In [1]:
import torch
import torch.nn as nn
from tqdm import tqdm
import sys
import numpy as np
import os
sys.path.append(os.path.abspath('../data'))
from torch.utils.data import DataLoader
from torch.nn.utils.rnn import PackedSequence, pack_padded_sequence, pad_packed_sequence,pad_sequence
from torch.utils.data import Dataset, DataLoader


In [2]:


def tokenize(expression):
    """Convert expression string to tokens, preserving operators."""
    # Replace parentheses with spaces
    expr = expression.replace('(', ' ').replace(')', ' ')

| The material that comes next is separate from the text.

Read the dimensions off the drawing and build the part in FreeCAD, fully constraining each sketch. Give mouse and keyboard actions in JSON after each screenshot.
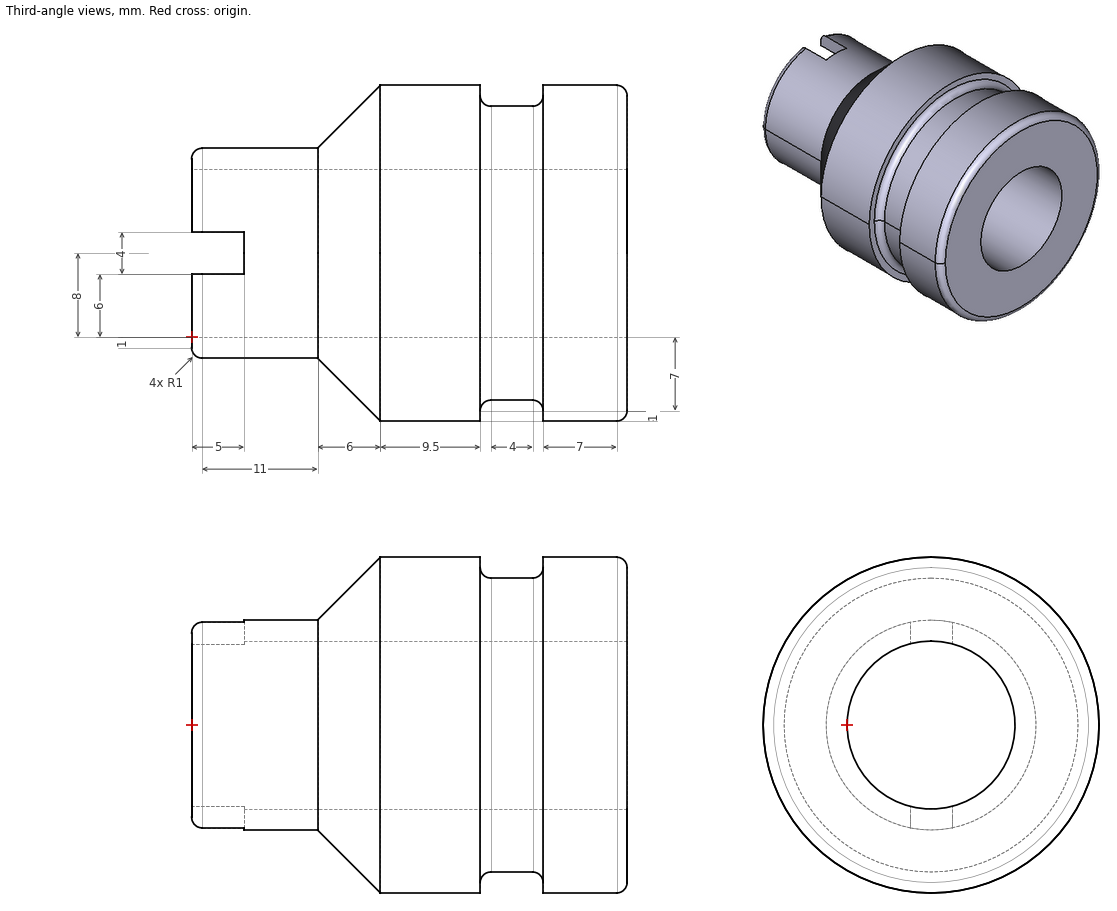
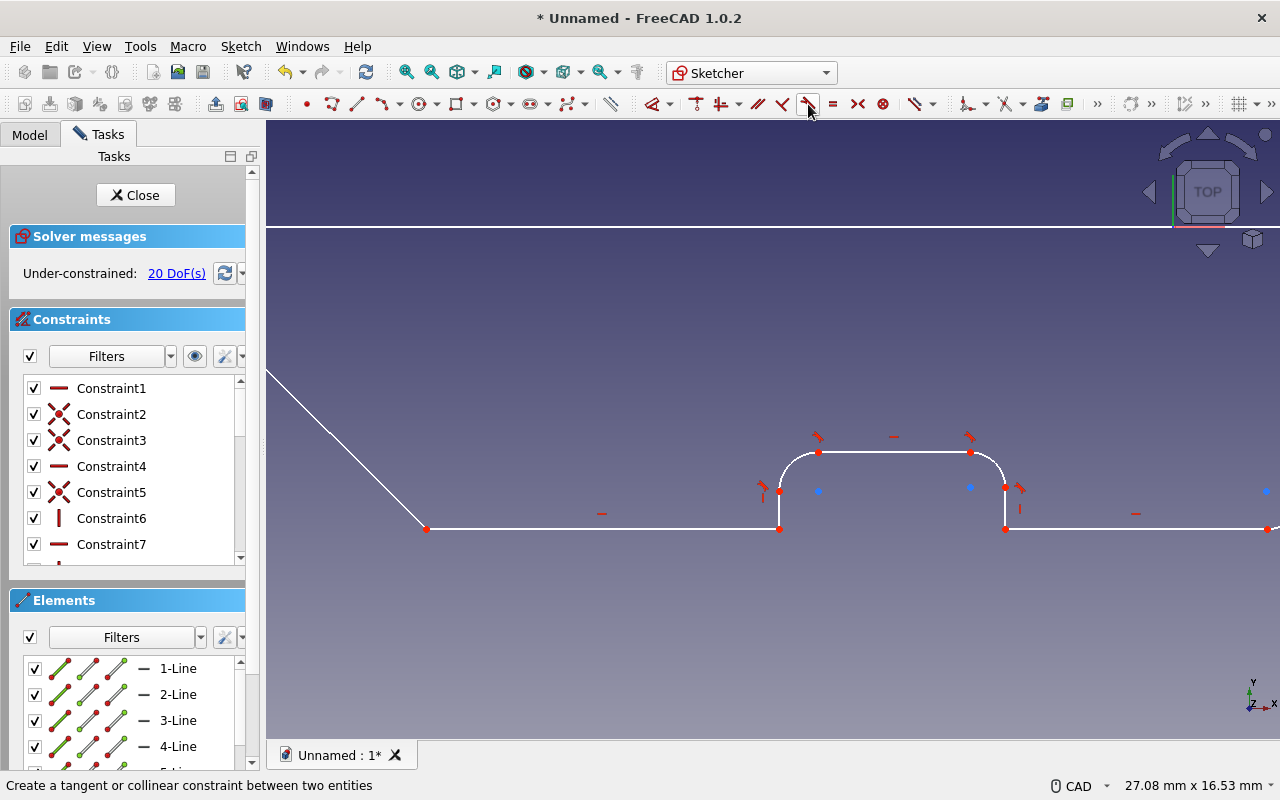
{"action": "left_click", "coordinate": [1084, 529]}

    # Add spaces around brackets that aren't part of operators
    expr = expr.replace(']', ' ] ')

    # Split and filter empty strings
    return [token for token in expr.split() if token]

class ListOpsDataset(Dataset):
    def __init__(self, X, y):
        """
        Args:
            X: Array of source expressions
            y: Array of target values
        """
        self.X = X
        self.y = y

        # Create vocabulary from operators and digits
        self.vocab = {
            'PAD': 0,  # Padding token
            '[MIN': 1,
            '[MAX': 2,
            '[MED': 3,
            '[SM': 4,
            ']': 5,
            '(': 6,
            ')': 7
        }
        # Add digits 0-9
        for i in range(10):
            self.vocab[str(i)] = i + 8

    def __len__(self):
        return len(self.X)

    def tokenize(self, expr):
        """Convert expression to token IDs."""
        tokens = tokenize(expr)  # Using our previous tokenize function
        return [self.vocab.get(token, 0) for token in tokens]

    def __getitem__(self, idx):
        expr = self.X[idx]
        target = self.y[idx]

        # Convert to token IDs without padding or truncating
        token_ids = self.tokenize(expr)

        return {
            'input_ids': torch.tensor(token_ids, dtype=torch.long),
            'target': torch.tensor(target, dtype=torch.long)
        }

In [4]:

# Define the data directory and file paths
data_dir = 'LongListOps/data/output_dir'
train_file = os.path.join(data_dir, 'basic_train.tsv')
val_file = os.path.join(data_dir, 'basic_val.tsv')
test_file = os.path.join(data_dir, 'basic_test.tsv')

def load_listops_data(file_path, max_rows=None):
    """
    Load ListOps data from TSV file.

    Args:
        file_path: Path to the TSV file
        max_rows: Maximum number of rows to load (for testing)

    Returns:
        sources: Array of source expressions
        targets: Array of target values (0-9)
    """
    sources = []
    targets = []

    with open(file_path, 'r', encoding='utf-8') as f:
        next(f)  # Skip header (Source, Target)
        for i, line in enumerate(f):
            if max_rows and i >= max_rows:
                break
            if not line.strip():  # Skip empty lines
                continue
            parts = line.strip().split('\t')
            if len(parts) != 2:
                continue  # Skip lines that don't have exactly two columns
            source, target = parts
            sources.append(source)
            targets.append(int(target))  # Target is always 0-9

    # Convert to numpy arrays
    source_array = np.array(sources, dtype=object)  # Keep expressions as strings
    target_array = np.array(targets, dtype=np.int32)  # Targets are integers

    return source_array, target_array

try:
    # Load training data
    print("Loading training data...")
    X_train, y_train = load_listops_data(train_file)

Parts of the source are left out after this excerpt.